Class 5: Aggregation Queries

  • "How many archives are in each province?"
  • "Count museums by type"
  • "Total institutions in {region}"

Class 6: Comparison Queries

  • "Compare archives in {province1} and {province2}"
  • "Difference between {type1} and {type2}"

Class 7: Temporal Queries

  • "Institutions founded after {year}"
  • "Archives closed in {decade}"
  • "Recent additions to {collection}"

Feature Extraction

Following Formica et al., we extract features for classification:

Linguistic Features

  • Question word (Welke, Hoeveel, Wat, Waar)
  • Named entities (institution names, locations)
  • Temporal expressions (years, dates)
  • Numeric patterns (counts, comparisons)

Semantic Features

  • Institution type mentions (archief, museum, bibliotheek)
  • Geographic mentions (provinces, cities)
  • Relationship terms (werkt bij, onderdeel van)

Structural Features

  • Question length
  • Clause count
  • Presence of conjunctions (en, of)

Slot Value Resolution

From LinkML Schema

All slot values are resolved from sparql_validation_rules.json:

{
  "institution_types": {
    "archief": "A", "archieven": "A",
    "museum": "M", "musea": "M",
    "bibliotheek": "L", "bibliotheken": "L"
  },
  "subregions": {
    "drenthe": "NL-DR",
    "utrecht": "NL-UT",
    "noord-holland": "NL-NH"
  }
}

Entity Linking

For institution names, we use:

  1. Exact match against GHCID registry
  2. Fuzzy match with rapidfuzz
  3. LLM-assisted disambiguation for ambiguous cases

Evaluation Metrics

Following academic methodology, we measure:

Metric Definition Target
Precision Correct queries / Total queries >90%
Recall Answered questions / Total questions >85%
Template Coverage Questions matching templates / Total >95%
Slot Accuracy Correct slot values / Total slots >98%
Latency Query generation time <100ms

References

  1. Formica, A., et al. (2023).
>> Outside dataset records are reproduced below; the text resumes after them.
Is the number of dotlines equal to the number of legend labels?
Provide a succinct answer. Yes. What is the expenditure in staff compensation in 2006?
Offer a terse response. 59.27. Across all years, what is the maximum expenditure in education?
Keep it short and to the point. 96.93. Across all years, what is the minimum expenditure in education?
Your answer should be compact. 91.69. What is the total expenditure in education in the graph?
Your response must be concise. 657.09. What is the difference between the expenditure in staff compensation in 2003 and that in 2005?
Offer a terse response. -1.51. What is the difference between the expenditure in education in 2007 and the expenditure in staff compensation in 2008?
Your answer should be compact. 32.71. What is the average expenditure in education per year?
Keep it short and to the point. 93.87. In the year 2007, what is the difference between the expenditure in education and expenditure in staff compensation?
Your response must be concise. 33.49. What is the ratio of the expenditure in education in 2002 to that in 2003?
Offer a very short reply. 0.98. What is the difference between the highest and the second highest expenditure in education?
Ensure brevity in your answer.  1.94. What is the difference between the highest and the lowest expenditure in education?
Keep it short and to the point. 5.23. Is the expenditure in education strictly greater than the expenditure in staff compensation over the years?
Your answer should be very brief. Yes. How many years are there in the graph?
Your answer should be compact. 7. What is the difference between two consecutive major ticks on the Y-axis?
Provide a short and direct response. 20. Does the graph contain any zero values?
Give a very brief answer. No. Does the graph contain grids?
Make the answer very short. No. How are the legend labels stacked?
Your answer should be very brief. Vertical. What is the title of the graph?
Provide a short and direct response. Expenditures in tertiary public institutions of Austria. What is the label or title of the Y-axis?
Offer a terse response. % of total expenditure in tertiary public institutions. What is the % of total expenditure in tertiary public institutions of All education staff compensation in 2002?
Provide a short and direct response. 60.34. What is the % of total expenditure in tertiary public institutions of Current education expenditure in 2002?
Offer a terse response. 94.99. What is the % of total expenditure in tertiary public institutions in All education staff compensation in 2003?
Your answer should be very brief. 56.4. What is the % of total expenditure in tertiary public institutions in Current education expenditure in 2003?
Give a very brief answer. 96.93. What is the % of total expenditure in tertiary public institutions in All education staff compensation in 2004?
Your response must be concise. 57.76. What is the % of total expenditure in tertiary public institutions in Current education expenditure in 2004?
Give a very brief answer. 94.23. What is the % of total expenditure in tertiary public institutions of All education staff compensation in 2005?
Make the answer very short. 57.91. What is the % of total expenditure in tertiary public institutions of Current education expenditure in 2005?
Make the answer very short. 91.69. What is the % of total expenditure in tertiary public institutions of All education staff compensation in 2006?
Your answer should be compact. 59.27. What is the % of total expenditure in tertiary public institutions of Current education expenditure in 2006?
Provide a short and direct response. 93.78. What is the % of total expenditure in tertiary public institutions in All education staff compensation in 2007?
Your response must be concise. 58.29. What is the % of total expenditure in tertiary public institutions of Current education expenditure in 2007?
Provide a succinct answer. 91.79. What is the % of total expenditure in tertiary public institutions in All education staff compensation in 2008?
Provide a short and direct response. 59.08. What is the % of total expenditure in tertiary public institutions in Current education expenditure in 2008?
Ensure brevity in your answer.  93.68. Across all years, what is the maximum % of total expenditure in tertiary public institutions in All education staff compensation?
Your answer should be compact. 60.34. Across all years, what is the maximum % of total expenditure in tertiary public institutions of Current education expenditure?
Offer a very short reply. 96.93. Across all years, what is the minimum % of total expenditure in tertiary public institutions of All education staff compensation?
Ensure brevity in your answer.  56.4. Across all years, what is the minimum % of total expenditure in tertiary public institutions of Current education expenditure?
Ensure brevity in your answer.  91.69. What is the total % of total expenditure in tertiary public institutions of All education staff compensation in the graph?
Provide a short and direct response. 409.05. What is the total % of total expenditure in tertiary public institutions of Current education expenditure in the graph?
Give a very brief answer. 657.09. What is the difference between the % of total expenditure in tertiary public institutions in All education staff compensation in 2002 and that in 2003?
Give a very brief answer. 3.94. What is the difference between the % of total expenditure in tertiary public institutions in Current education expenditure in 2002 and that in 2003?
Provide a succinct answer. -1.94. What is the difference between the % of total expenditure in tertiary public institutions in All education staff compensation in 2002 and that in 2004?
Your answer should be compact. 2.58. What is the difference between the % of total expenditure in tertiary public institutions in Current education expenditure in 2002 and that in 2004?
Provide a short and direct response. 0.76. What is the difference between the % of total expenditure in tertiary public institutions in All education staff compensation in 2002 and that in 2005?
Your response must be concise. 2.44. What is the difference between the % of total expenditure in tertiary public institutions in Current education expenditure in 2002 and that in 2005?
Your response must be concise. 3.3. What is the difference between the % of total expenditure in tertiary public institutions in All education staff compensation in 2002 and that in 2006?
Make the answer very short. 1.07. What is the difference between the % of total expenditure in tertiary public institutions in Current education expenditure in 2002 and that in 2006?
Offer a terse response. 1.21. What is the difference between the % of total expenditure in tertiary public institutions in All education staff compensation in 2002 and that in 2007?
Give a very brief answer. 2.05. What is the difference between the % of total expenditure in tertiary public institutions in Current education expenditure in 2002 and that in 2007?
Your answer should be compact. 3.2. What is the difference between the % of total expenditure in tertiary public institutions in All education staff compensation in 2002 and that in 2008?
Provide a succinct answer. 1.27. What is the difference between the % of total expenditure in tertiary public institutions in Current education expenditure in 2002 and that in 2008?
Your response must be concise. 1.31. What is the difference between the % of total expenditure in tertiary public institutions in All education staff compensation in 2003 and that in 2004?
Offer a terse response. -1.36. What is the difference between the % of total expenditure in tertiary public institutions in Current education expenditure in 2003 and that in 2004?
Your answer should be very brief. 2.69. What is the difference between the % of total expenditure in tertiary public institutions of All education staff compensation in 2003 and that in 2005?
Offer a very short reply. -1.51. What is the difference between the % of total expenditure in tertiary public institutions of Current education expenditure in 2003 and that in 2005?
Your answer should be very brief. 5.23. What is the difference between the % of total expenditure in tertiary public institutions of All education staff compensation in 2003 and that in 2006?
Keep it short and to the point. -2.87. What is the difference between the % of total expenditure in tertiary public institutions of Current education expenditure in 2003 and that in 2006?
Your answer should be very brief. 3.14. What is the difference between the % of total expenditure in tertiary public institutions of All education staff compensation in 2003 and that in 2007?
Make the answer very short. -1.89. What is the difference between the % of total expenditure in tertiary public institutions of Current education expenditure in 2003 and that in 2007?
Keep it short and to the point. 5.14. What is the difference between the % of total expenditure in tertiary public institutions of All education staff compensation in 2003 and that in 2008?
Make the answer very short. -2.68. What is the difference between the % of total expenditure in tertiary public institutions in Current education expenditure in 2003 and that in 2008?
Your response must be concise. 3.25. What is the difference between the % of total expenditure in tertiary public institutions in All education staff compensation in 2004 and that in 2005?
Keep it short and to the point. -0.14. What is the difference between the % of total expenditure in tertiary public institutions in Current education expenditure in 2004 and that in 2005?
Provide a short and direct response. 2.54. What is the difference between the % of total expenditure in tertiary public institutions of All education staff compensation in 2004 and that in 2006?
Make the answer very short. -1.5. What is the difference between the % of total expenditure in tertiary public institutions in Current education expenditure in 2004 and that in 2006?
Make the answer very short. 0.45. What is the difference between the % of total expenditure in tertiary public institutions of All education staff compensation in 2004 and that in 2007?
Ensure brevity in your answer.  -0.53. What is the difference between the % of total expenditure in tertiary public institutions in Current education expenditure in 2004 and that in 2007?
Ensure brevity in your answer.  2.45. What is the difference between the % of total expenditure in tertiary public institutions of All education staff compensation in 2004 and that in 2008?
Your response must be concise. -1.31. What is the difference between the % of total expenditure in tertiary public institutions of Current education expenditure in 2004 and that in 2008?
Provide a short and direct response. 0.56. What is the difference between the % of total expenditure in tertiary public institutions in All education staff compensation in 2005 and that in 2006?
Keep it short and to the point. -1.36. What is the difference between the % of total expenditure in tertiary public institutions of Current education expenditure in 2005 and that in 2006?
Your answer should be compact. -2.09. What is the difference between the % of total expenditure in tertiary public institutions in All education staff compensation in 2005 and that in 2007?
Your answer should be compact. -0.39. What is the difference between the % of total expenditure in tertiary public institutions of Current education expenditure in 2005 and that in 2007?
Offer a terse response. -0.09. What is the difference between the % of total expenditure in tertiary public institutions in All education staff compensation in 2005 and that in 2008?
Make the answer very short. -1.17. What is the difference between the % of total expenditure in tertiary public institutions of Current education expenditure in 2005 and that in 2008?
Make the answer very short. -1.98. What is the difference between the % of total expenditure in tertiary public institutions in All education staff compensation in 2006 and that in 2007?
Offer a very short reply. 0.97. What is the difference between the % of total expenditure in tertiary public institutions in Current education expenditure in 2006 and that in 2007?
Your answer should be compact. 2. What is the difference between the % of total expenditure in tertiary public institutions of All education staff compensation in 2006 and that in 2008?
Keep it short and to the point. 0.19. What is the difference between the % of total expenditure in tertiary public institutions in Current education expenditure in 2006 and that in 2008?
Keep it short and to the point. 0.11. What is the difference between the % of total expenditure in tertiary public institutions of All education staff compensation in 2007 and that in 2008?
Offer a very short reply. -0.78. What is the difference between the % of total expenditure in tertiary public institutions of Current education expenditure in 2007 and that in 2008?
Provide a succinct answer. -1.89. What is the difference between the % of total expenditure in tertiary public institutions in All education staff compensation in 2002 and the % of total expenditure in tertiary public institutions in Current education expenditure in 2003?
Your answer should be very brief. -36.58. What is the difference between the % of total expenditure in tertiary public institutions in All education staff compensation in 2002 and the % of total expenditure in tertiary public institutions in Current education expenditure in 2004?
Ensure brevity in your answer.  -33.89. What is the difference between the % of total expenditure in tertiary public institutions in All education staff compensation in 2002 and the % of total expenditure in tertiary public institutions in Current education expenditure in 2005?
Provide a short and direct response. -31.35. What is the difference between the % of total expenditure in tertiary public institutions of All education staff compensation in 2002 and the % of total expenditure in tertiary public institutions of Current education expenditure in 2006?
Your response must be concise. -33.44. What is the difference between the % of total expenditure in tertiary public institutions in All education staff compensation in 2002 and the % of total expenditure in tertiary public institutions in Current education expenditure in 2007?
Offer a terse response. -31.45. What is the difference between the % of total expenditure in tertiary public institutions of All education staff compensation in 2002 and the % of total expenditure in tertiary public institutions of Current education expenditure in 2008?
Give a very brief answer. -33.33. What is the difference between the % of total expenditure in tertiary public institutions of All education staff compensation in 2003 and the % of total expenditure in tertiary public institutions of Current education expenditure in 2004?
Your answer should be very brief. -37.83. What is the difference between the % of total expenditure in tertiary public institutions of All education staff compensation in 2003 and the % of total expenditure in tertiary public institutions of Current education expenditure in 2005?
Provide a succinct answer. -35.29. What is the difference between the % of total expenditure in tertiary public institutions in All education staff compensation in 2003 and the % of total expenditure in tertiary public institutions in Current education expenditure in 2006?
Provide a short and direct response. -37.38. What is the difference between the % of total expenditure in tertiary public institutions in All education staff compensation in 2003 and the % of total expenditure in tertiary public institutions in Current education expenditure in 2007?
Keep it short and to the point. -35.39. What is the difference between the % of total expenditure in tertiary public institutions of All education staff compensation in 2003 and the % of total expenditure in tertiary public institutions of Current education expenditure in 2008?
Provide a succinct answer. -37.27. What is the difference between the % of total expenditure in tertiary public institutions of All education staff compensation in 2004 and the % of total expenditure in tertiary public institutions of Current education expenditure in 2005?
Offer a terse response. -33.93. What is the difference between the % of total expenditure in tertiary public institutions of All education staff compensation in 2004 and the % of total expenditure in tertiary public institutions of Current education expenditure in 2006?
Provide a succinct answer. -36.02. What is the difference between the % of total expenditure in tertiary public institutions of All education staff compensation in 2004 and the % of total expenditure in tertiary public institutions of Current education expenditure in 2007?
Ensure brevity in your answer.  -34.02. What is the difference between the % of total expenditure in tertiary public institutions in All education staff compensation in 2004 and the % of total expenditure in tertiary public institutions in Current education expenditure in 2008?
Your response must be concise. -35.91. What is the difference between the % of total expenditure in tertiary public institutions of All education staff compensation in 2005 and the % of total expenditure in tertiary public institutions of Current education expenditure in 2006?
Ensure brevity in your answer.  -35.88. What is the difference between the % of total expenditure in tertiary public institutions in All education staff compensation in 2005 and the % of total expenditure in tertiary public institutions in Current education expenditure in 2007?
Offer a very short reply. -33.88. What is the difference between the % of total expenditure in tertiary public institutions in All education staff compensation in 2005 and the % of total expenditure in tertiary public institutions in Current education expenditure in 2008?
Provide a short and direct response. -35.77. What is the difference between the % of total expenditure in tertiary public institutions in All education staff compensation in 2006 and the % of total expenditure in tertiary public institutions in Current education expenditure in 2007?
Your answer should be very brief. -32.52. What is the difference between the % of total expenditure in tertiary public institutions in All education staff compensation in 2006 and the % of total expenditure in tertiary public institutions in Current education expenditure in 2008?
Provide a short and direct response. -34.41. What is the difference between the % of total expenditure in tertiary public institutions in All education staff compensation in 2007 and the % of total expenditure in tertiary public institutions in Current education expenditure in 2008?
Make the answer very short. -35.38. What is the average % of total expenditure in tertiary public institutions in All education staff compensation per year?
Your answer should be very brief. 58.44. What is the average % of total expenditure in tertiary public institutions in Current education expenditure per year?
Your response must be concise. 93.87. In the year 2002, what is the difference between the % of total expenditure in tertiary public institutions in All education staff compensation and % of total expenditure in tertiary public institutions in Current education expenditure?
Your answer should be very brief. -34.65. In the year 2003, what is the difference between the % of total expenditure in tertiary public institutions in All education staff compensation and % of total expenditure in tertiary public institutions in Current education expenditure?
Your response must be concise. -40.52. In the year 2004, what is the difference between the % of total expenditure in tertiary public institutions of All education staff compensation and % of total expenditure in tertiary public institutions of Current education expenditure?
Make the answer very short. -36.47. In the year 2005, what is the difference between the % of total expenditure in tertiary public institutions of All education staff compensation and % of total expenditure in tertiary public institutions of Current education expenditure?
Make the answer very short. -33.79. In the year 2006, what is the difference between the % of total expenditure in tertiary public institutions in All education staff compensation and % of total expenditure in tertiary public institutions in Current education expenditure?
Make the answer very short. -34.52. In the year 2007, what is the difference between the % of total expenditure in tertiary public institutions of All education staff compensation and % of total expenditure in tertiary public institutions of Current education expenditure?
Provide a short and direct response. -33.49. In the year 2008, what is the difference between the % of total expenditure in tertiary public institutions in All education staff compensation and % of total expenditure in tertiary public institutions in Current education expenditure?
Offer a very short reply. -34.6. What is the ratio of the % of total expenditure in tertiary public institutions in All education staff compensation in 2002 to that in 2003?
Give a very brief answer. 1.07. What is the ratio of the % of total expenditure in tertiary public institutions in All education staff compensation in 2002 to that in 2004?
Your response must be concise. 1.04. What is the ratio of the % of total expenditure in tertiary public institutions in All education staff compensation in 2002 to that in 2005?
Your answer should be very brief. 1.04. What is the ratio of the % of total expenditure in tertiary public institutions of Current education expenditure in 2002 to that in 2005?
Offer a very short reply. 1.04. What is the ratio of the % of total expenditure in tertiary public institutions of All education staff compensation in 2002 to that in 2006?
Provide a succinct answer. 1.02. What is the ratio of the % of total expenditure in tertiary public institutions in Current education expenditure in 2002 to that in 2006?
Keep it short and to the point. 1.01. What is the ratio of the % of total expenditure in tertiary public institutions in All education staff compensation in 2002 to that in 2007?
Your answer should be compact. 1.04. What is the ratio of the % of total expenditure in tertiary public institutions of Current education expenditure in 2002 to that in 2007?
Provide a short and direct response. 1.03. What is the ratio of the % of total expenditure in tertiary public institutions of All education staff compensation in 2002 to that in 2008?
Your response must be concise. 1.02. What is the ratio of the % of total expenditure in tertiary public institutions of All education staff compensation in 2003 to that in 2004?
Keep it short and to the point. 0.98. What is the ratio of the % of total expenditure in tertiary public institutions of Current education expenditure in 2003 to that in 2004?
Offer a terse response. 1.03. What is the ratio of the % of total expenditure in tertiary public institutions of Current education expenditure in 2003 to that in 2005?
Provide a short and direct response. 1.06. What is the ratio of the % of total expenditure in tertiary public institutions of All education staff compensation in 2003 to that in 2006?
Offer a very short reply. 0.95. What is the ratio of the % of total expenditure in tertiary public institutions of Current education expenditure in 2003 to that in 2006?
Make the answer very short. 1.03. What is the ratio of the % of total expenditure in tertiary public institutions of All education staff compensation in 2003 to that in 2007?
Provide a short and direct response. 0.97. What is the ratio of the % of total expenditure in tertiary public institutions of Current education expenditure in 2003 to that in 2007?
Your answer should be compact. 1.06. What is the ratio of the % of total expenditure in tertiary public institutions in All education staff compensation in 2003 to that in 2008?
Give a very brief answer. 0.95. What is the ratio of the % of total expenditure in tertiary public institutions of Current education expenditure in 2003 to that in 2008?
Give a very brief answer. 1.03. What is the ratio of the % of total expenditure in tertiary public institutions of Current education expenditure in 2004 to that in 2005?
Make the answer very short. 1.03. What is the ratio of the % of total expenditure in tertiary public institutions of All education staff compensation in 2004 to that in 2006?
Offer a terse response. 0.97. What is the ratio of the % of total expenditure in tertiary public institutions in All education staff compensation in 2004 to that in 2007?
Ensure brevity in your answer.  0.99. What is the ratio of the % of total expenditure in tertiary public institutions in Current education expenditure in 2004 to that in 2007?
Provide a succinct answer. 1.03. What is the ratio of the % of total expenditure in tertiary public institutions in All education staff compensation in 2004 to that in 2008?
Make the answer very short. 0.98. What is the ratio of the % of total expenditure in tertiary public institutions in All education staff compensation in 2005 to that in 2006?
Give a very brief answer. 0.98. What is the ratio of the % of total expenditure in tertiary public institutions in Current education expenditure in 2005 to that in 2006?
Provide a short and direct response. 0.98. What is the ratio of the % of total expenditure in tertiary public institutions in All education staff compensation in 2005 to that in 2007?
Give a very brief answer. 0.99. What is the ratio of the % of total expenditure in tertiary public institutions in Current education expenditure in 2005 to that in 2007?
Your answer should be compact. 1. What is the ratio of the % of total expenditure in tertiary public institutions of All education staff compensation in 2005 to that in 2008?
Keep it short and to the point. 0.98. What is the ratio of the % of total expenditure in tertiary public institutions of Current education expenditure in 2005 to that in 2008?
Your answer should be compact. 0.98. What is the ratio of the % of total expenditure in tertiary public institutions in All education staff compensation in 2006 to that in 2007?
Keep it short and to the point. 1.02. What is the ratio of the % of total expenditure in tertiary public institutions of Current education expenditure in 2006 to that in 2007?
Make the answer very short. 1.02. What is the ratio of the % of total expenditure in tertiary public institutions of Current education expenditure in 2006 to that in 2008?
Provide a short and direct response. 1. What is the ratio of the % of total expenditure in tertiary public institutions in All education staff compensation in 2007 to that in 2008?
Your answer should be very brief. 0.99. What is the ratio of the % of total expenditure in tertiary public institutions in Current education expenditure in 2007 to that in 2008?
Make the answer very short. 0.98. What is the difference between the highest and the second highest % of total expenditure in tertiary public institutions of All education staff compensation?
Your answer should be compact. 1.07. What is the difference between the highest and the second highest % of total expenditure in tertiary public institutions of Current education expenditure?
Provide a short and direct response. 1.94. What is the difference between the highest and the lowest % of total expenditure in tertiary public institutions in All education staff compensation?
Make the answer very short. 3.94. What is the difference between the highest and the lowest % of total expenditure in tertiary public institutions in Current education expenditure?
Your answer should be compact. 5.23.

A template-based approach for question answering over knowledge bases. KAIS.
  2. Steinmetz, N., et al. (2019). From Natural Language Questions to SPARQL Queries. BTW.
  3. Zheng, W., et al. (2018). Question Answering Over Knowledge Graphs. PVLDB.
  4. GRASP (2025). Generic Reasoning And SPARQL Generation. arXiv.
  5. SPARQL-LLM (2025). Real-Time SPARQL Query Generation. arXiv.